**Work required**
Two lines in the data below mark the range: the one with "Numbers: x, y, z, sx, sy, sz, roll, pitch, yaw." and the one with "6. person [1263,314,1526,914]". Return both, along with every line between them, exactly.
*** Opening Available data ***
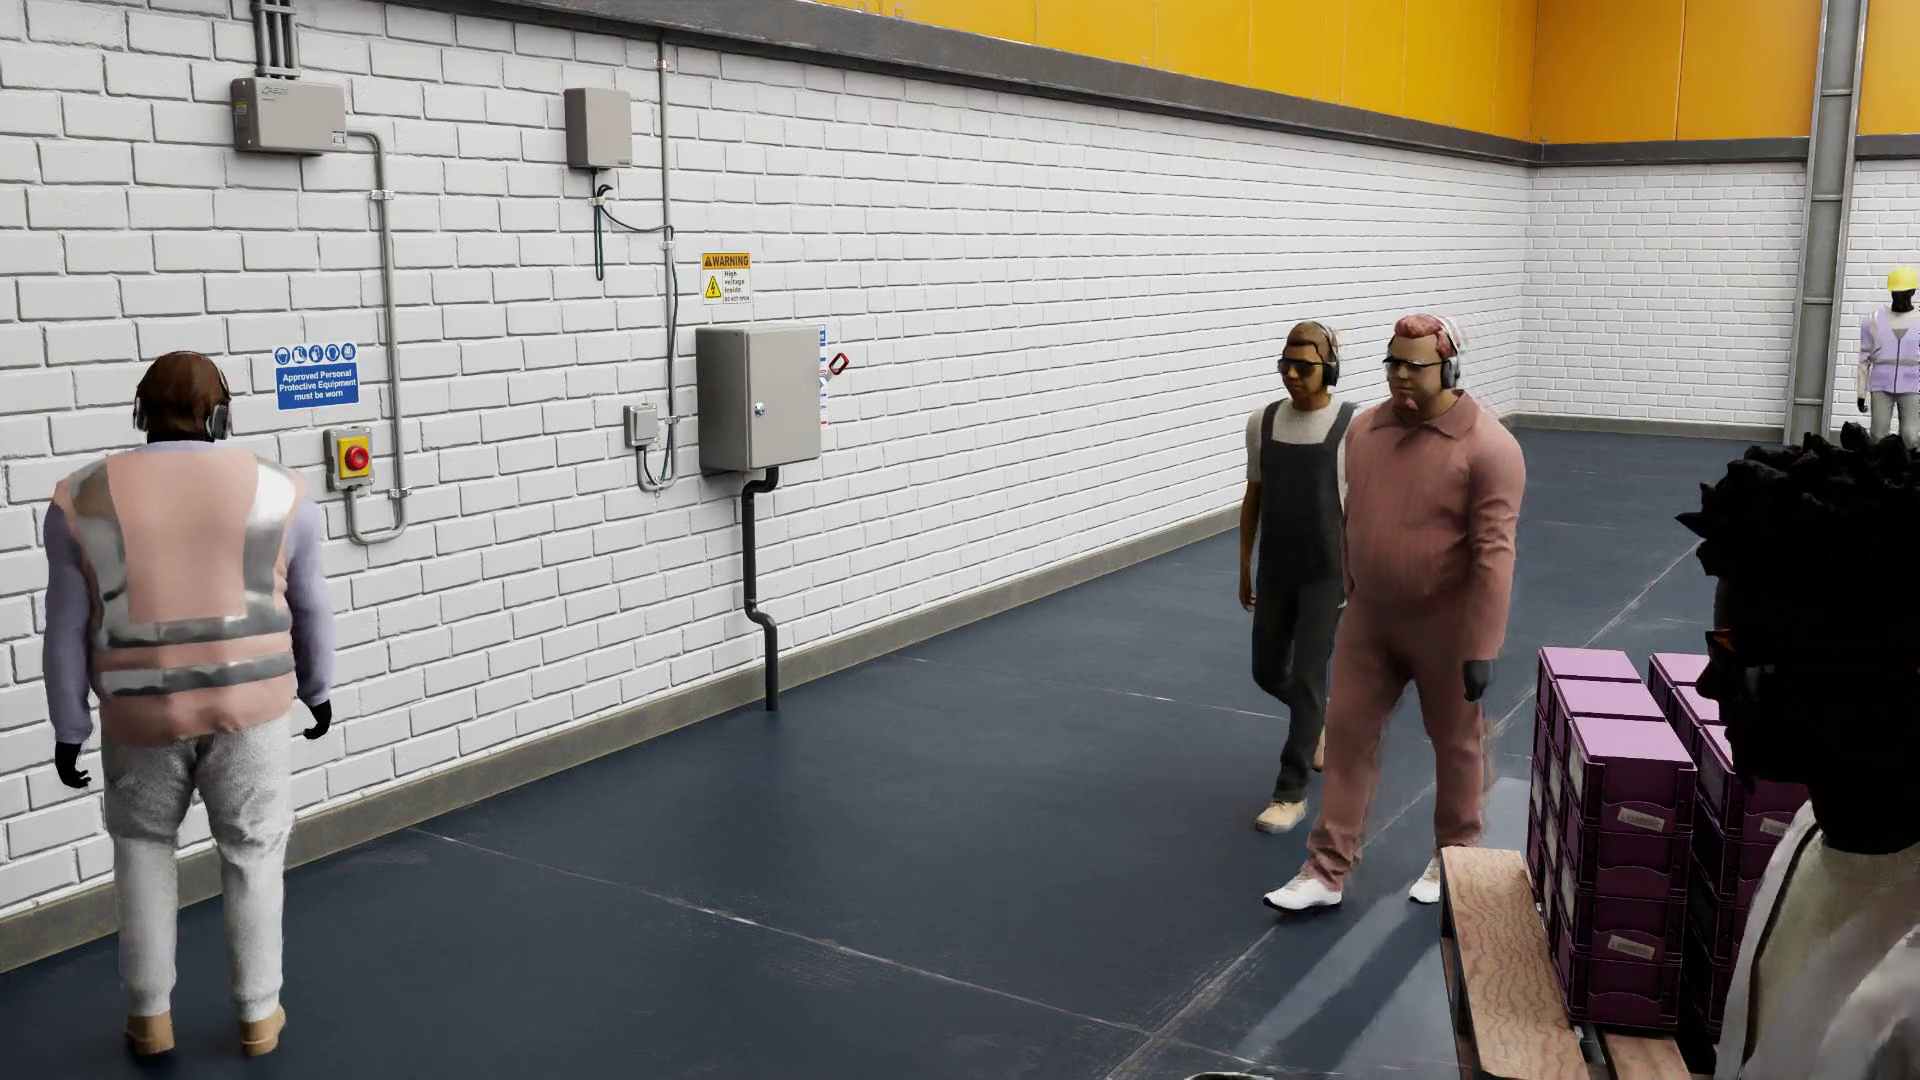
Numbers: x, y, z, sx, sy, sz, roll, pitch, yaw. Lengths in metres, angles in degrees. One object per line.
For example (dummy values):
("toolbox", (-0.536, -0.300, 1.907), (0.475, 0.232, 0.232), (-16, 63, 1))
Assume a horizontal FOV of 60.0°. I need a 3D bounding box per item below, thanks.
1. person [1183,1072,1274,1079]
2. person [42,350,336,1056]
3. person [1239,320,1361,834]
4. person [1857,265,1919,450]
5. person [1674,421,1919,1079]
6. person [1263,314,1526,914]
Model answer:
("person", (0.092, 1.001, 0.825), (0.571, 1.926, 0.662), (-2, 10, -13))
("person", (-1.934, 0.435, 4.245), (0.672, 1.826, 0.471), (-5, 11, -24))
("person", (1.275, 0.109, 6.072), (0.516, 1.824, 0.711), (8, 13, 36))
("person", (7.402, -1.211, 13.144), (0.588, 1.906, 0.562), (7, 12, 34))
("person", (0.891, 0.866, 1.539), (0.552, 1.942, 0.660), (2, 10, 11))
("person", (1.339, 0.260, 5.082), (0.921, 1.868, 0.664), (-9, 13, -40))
*** Closing Available data ***
*** Opening Available data ***
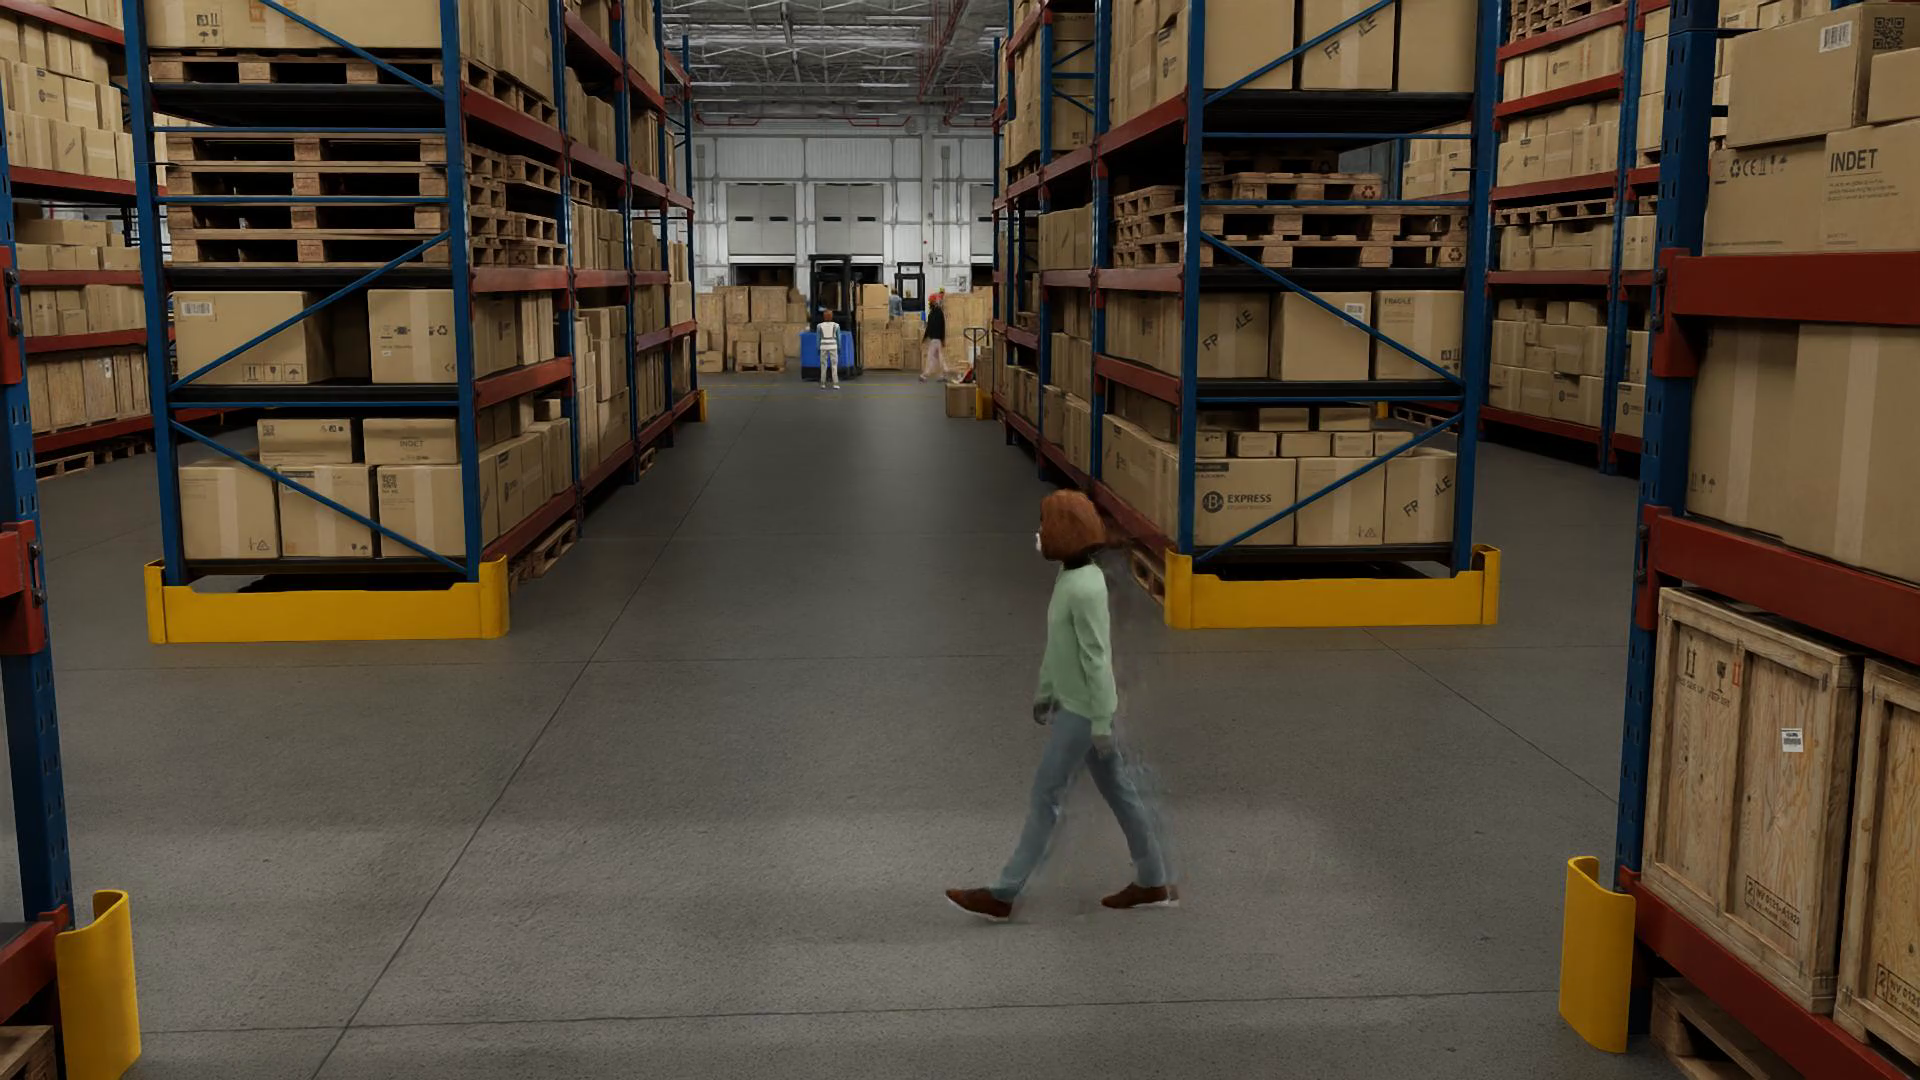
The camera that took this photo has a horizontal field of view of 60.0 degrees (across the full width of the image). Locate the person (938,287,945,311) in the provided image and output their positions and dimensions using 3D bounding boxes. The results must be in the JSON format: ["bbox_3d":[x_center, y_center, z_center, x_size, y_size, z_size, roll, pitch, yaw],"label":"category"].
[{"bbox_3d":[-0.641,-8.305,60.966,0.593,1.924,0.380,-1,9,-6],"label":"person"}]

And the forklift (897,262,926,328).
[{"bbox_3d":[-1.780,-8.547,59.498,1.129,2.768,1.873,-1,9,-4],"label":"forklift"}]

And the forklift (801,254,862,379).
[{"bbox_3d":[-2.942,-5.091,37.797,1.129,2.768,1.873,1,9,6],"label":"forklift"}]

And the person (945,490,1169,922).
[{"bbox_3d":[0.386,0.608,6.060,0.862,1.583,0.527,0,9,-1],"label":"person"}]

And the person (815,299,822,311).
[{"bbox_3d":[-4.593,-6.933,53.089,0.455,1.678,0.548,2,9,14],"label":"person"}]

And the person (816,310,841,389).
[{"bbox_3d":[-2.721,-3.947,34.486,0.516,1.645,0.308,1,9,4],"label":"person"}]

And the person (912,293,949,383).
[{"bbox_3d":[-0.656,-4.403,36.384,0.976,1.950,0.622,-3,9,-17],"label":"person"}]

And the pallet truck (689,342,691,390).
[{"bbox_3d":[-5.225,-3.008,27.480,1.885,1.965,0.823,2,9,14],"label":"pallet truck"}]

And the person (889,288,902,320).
*** Closing Available data ***
*** Opening Available data ***
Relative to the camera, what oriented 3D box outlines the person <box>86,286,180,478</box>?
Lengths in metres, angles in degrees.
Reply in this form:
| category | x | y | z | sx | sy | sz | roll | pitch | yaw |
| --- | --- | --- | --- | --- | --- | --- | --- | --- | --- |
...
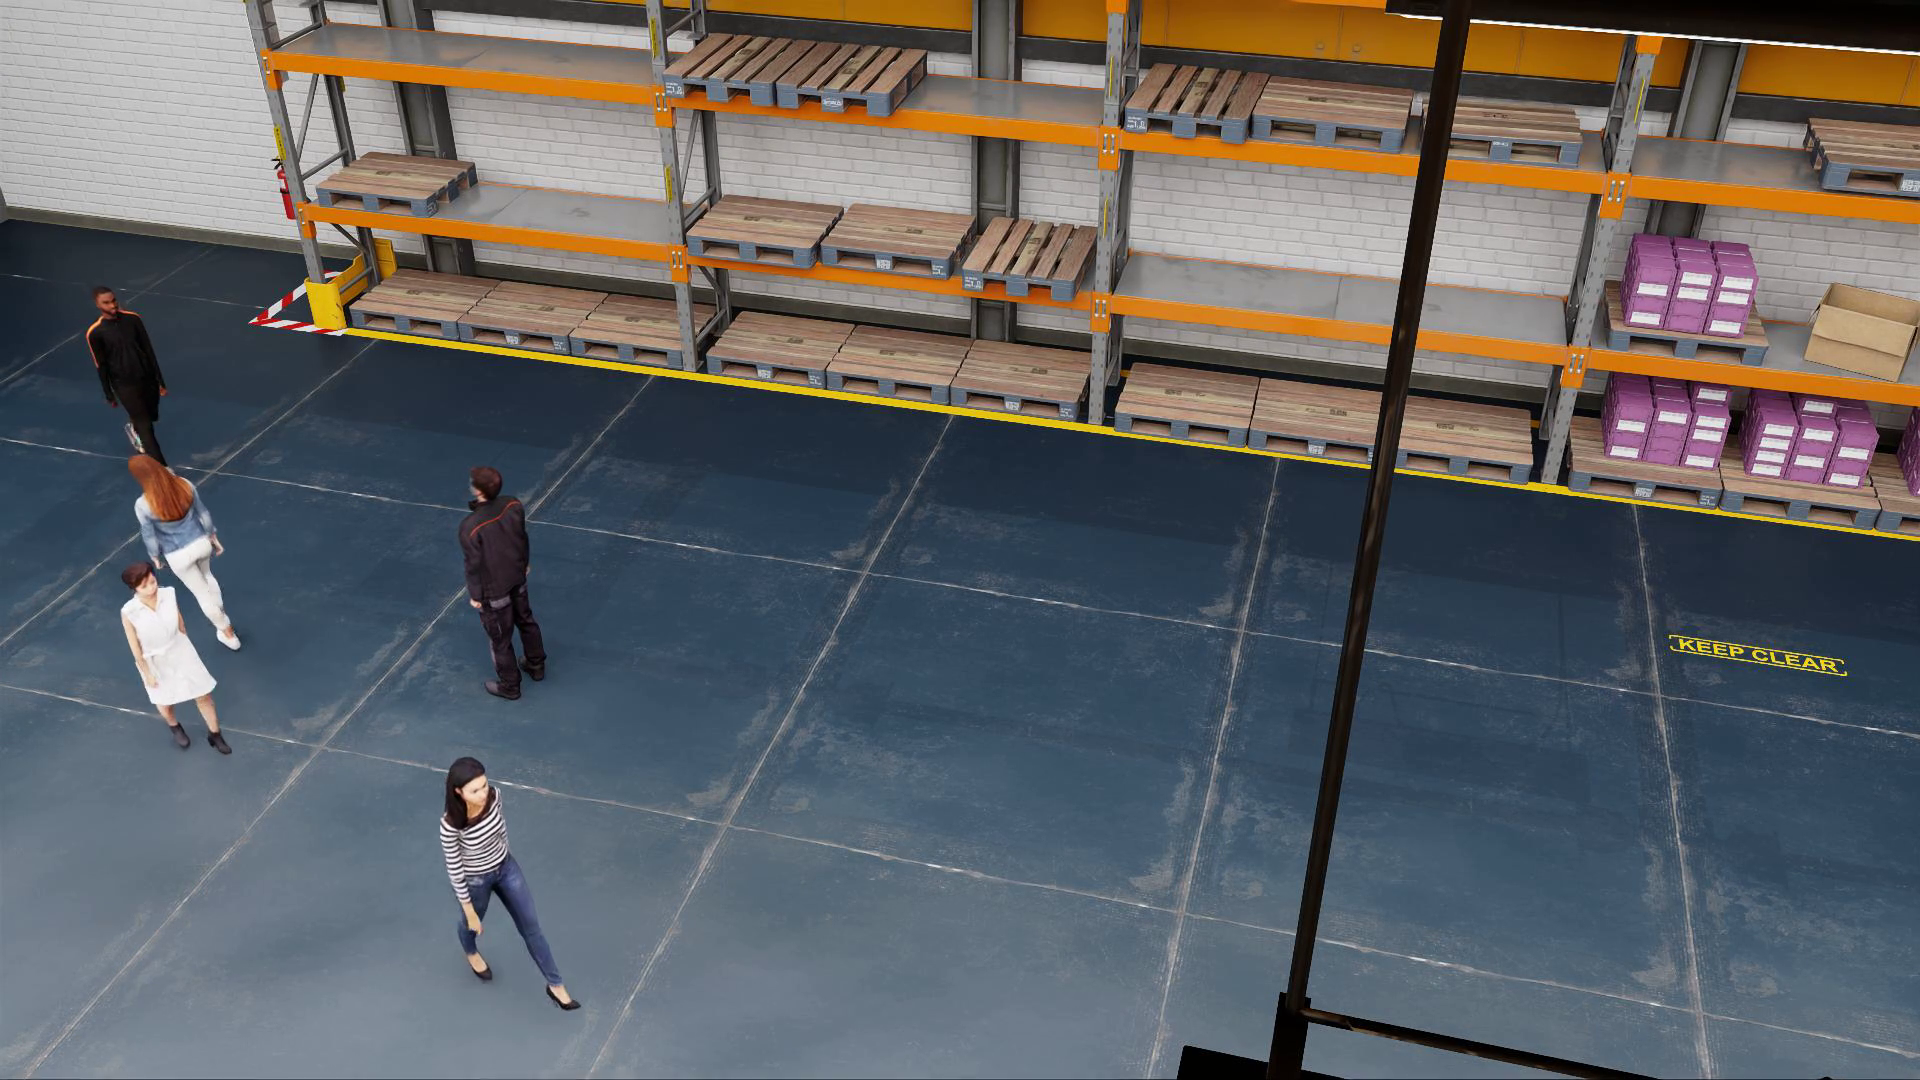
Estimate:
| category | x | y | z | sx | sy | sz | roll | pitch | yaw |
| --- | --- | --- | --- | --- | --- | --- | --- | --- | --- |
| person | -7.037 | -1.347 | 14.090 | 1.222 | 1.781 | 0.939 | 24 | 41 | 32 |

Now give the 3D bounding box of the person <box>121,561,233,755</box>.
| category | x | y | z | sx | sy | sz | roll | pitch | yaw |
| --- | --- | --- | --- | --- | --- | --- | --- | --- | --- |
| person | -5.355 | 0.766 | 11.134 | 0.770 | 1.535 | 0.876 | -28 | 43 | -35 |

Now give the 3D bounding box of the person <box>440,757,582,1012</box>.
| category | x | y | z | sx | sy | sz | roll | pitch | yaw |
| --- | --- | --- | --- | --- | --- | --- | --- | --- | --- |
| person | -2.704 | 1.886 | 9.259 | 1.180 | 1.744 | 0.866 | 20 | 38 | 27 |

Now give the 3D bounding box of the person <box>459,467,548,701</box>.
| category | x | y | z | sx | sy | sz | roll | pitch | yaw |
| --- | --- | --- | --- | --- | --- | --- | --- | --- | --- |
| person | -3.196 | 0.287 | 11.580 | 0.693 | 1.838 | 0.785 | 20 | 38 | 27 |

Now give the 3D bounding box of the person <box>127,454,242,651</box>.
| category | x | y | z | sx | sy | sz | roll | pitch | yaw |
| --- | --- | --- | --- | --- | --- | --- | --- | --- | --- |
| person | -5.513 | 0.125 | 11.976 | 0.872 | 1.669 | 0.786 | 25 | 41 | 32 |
*** Closing Available data ***
**Final answer**
Numbers: x, y, z, sx, sy, sz, roll, pitch, yaw. Lengths in metres, angles in degrees. One object per line.
For example (dummy values):
("toolbox", (-0.536, -0.300, 1.907), (0.475, 0.232, 0.232), (-16, 63, 1))
Assume a horizontal FOV of 60.0°. I need a 3D bounding box per item below, thanks.
1. person [1183,1072,1274,1079]
2. person [42,350,336,1056]
3. person [1239,320,1361,834]
4. person [1857,265,1919,450]
5. person [1674,421,1919,1079]
6. person [1263,314,1526,914]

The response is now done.